That night, I couldn't sleep. Sometimes that happens: I'll be tired enough, but as soon as I lie down and pull up the covers, my eyes open up again and the feeling of sleepiness departs for a few hours. So as I always do, I went out into the other room, put on a lamp, and read for about two hours. I decided at that point that I should go to bed and get what rest I could because the next day was going to be a busy one. I'll state here that I was feeling uneasy, had been feeling that way since arriving from the battlefield, but I was doing my best to ignore it. I turned off the light, went into the bathroom, and then came back out into the darkness of the bedroom.

Where I almost had a heart attack. As I passed the closet area on the way to bed, I caught a glimpse of a union soldier standing just to my left. He was in full uniform, possibly even had a long blue coat on over his blue trousers, and he definitely was wearing a hat. More than that I couldn't tell you, because I stopped looking! I pretended that he wasn't there, went to bed, and closed my eyes, eventually falling asleep.

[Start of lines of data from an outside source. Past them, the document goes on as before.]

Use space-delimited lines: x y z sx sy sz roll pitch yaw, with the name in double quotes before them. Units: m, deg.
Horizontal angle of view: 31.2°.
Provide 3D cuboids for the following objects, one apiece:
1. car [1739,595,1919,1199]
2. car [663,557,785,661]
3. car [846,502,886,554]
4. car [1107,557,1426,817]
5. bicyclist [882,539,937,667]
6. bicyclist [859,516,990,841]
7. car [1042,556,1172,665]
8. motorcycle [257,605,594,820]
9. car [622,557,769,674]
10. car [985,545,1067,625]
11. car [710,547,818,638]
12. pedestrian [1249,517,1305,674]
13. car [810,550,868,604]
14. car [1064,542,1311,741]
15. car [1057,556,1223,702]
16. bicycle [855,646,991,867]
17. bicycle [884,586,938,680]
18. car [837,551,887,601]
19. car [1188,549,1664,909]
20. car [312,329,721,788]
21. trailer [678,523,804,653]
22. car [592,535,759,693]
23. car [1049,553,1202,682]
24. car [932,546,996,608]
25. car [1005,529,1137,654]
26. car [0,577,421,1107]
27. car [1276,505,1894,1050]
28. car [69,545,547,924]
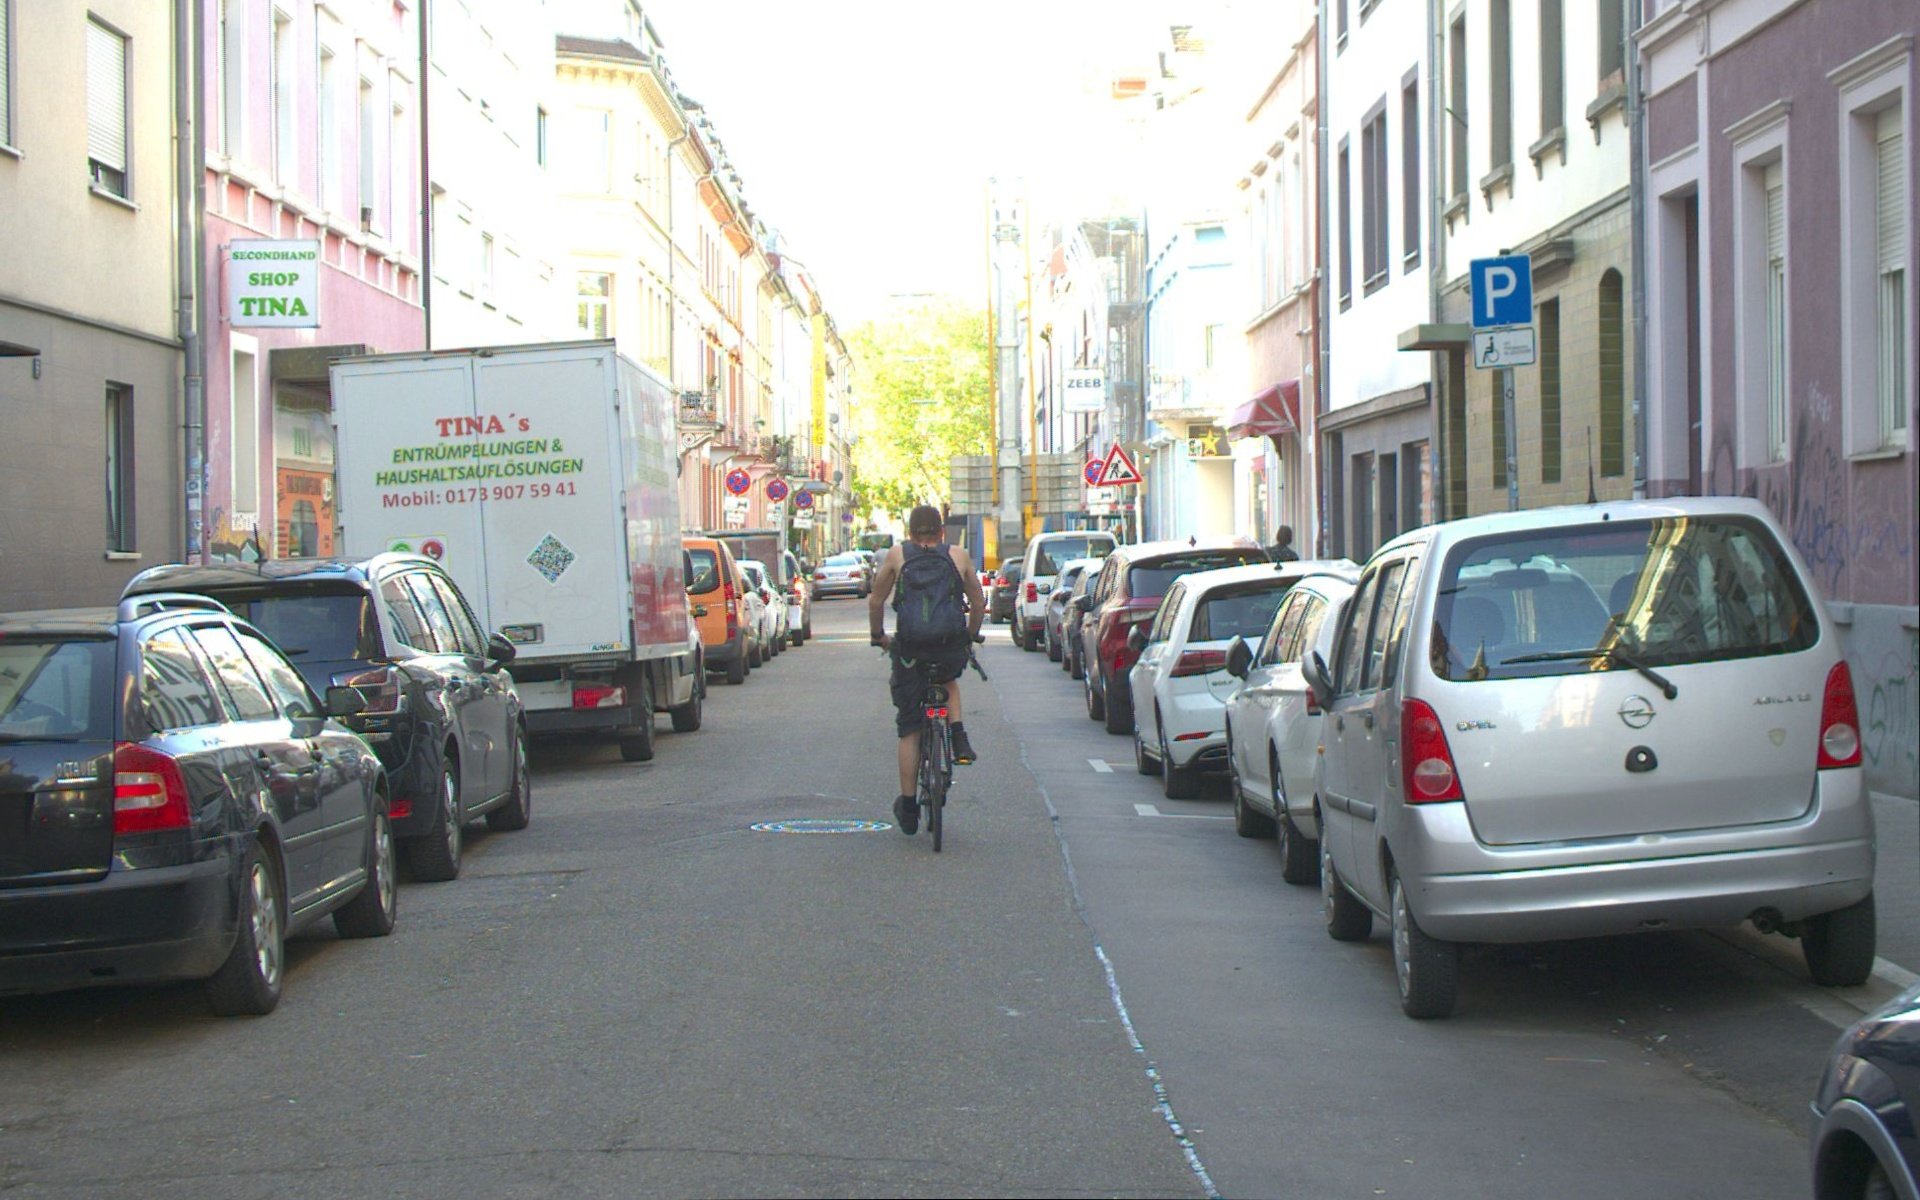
"car" 2.268 0.758 4.400 1.552 1.506 3.612 0 0 -3
"car" -3.658 0.126 53.832 1.653 1.532 3.634 -2 0 -1
"car" -4.343 -3.315 159.190 1.750 2.310 3.796 -2 0 -1
"car" 1.993 0.530 23.432 1.686 1.538 4.046 -3 0 -1
"bicyclist" -0.628 0.030 42.400 0.671 1.562 0.716 0 0 -1
"bicyclist" -0.192 0.401 18.233 0.667 1.671 1.097 0 0 -1
"car" 2.106 0.132 50.093 1.750 1.481 3.799 -2 0 1
"motorcycle" -3.468 0.714 22.484 0.791 1.248 2.102 -2 1 41
"car" -3.699 0.200 48.722 1.750 1.532 4.319 -2 0 -1
"car" 1.379 -0.320 72.667 1.611 1.628 3.610 0 0 -1
"car" -3.539 -0.143 62.608 1.750 1.567 3.796 -2 0 -1
"pedestrian" 4.086 -0.056 44.349 0.644 2.007 0.764 0 0 -1
"car" -3.919 -0.742 111.638 1.750 1.678 3.796 -2 0 -1
"car" 2.015 0.324 31.587 1.918 1.700 4.366 0 1 -1
"car" 2.026 0.302 39.629 1.667 1.500 3.816 -4 0 1
"bicycle" -0.200 0.798 18.216 0.677 1.071 1.942 0 0 -1
"bicycle" -0.599 0.389 42.406 0.648 1.126 2.136 0 0 -1
"car" -3.652 -0.904 128.807 1.750 1.815 3.796 -2 0 -1
"car" 2.252 0.566 17.782 1.696 1.538 4.629 -3 0 -1
"car" -3.527 -0.331 28.971 2.343 3.280 7.154 -3 0 0
"trailer" -3.680 -0.211 58.418 1.882 2.085 3.737 -2 0 -1
"car" -3.530 0.163 43.242 1.752 1.810 4.078 -3 0 -1
"car" 2.093 0.205 44.381 1.646 1.470 3.971 -5 0 0
"car" 0.084 -0.596 88.742 1.611 1.555 3.610 0 0 -1
"car" 1.739 -0.138 55.155 1.750 1.872 3.973 -2 0 -3
"car" -3.198 0.749 12.614 1.716 1.473 4.499 -3 2 -1
"car" 2.129 0.549 12.591 1.556 1.706 3.559 0 0 -1
"car" -3.336 0.604 18.384 1.716 1.644 4.246 -3 2 -1

The morning was bright and sunny, like an August morning should be, and I thought about seeing that soldier standing there, trying at the same time to make the memory a distant thing. Or part of my imagination. But that wasn't happening. There was now an uneasiness in our hotel room, much like the uneasiness I had sensed all over Gettysburg, and I knew my visitor had chosen to stay.

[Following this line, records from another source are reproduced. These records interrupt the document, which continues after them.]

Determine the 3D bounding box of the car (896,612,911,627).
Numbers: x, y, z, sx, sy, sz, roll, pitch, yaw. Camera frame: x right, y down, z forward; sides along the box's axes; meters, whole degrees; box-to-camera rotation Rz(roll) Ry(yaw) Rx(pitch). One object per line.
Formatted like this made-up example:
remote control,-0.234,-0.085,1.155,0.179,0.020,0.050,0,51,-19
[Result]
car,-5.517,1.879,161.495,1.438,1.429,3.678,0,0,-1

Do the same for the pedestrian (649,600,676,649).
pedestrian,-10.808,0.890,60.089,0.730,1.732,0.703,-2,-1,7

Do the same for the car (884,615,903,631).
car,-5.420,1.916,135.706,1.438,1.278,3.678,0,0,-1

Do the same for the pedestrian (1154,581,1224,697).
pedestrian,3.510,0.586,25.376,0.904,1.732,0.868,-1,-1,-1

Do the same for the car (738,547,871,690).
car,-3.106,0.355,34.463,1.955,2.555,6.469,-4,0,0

I did tell Jim about what I had seen. He took my word for it, but didn't say much else. At least he never laughs at me! Then I did what I've been told (and what the characters in my Bridgeton Park Cemetery series have been told) to do: I asked him to leave.

I asked him several times. After a while, a sense of calm came back to the room and I felt better. The Union soldier had undoubtedly gone back to Gettysburg and things were back to normal.

But I was wrong. 

Read the rest of the story right here, next week!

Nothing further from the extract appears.